Het consulatiebureau was er duidelijk over de laatste keer. Chris mag alles eten en die potjes die wij hem gemakshalve voeren mogen wel, maar zijn niet echt nodig. Ik schreef in augustus of zo al een keer dat ik het wel een erg leuk idee zou vinden als Chris een boterham mee zou gaan eten, nu moet ik eerlijk bekennen dat de pot mee eten hetzelfde warme gevoel meebrengt. en wat voer je dan als eerste:

patat 

patat 

patat 

patat

Chris is begonnen met het eeuwenoude spel van machtsuitoefening. Ik kan me niet anders heugen dan dat ik bij mensen die kleine kinderen hebben kwam en dat er een strijd aangegaan moest worden over de manier van eten of de hoeveelheid of de kwalitatieve eisen die er mee te maken hebben. Chris was vroeger een enorm schatje dat bij elke hap ‘hmmmm’ zei. Brood is nog steeds een favoriet, maar appelstroop is gewoon minder lekker dan smeerkaas. Bij de avondmaaltijden begon het vorige week met een enorme huilpartij voordat het eten daadwerkelijk begon. Opgebouwde spanning van het wachten tot de magnetron ‘ping’ zei was hem allemaal teveel. Aangezien hij bij het janken toch zijn mond open had, kon er ook wel een hapje in. En dat eerste hapje zorgde er voor dat hij weer tevreden was. Maar er was meer aan de hand. Als kind van zijn moeder heeft hij een voorkeur voor stampotten en groene groenten, terwijl mijn ideeën van een goede maaltijd toch meer in de richting van rijst en pasta’s gaan. Maar dat is het niet voor hem. Hij eet het wel, maar een twaalf maanden potje is al snel teveel van het goede. Bij die groene potjes kan de bodem eruit en dat was ook wat er bij het patat eten gebeurde. Chris was al klaar met zijn eigen eten, maar was ook zeer geïnteresseerd in wat wij allemaal eten. Ik denk dat hij wel weet dat hij iets anders eet dan ons en ik denk ook dat hem dat niet helemaal meer bevalt. Zo’n patatje is natuurlijk ook makkelijk voor hem, want die kan je lekker in je mond stoppen en goed vasthouden.

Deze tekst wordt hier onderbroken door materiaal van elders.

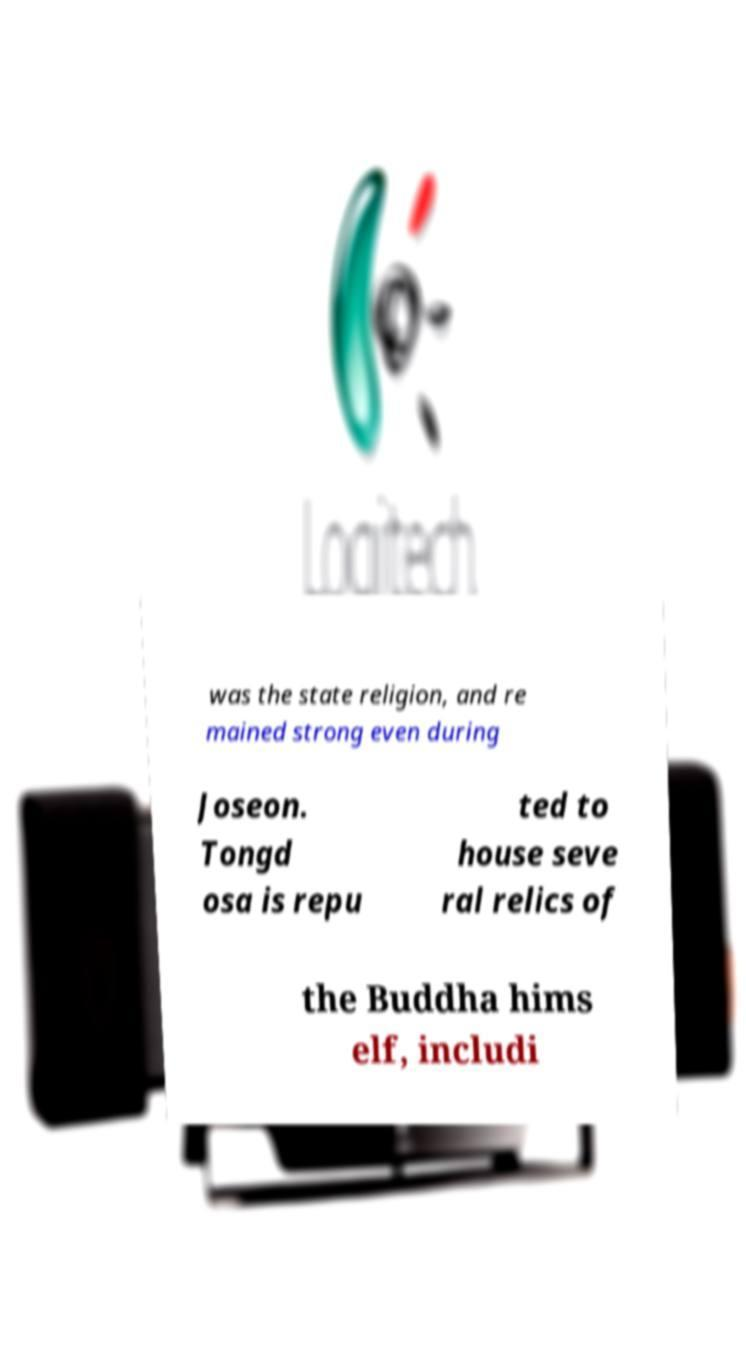Can you read and provide the text displayed in the image?This photo seems to have some interesting text. Can you extract and type it out for me? was the state religion, and re mained strong even during Joseon. Tongd osa is repu ted to house seve ral relics of the Buddha hims elf, includi

Chris zit aan de onderkant van de groeicurve. Dat is niet te zien aan die dikke wangetjes van hem, maar het is toch echt zo. Ik ben niet echt onder de indruk, maar het legitimeert wel voor me dat hij vette patat mag eten. Alhoewel dat eigenlijk ook wel meevalt. Wij gebruiken onverzadigde natuurlijke oliën, koud geperst en verrijkt met aminozuren. Ik zal het merk niet noemen.

De tevredenheid is wel steeds belangrijker aan het worden. Op vele manieren laat hij blijken dat het oude gezapige leventje als baby wel voorbij is. De box is niet een standaard oplossing meer, rustig in zijn stoel zitten al lang niet rustgevend meer. Dynamiek en drukte zijn de sleutelwoorden geworden. Als hij met zijn rollator door de kamer heen banjert loopt het zweet in zijn nek, zo druk maakt hij zich. Dat is erg leuk om te zien. Vooral ook omdat hij steeds beter luistert naar de beperkingen die wij hem opleggen. ‘Nee’ begint betekenis te krijgen.

Bij Paul en José waar ik tot een jaar geleden elke week meeat en een onderdeel van het gezin was, was het met verjaardagen altijd een eetfestijn. Dan werd er kip met patat en appelmoes gegeten in grote hoeveelheden. Ik vind dat ook lekker, maar het is niet mijn favoriet. Maar wat zeker blijft plakken is dat feestje dat je met elkaar maakt. Dat maakt het eten extra lekker.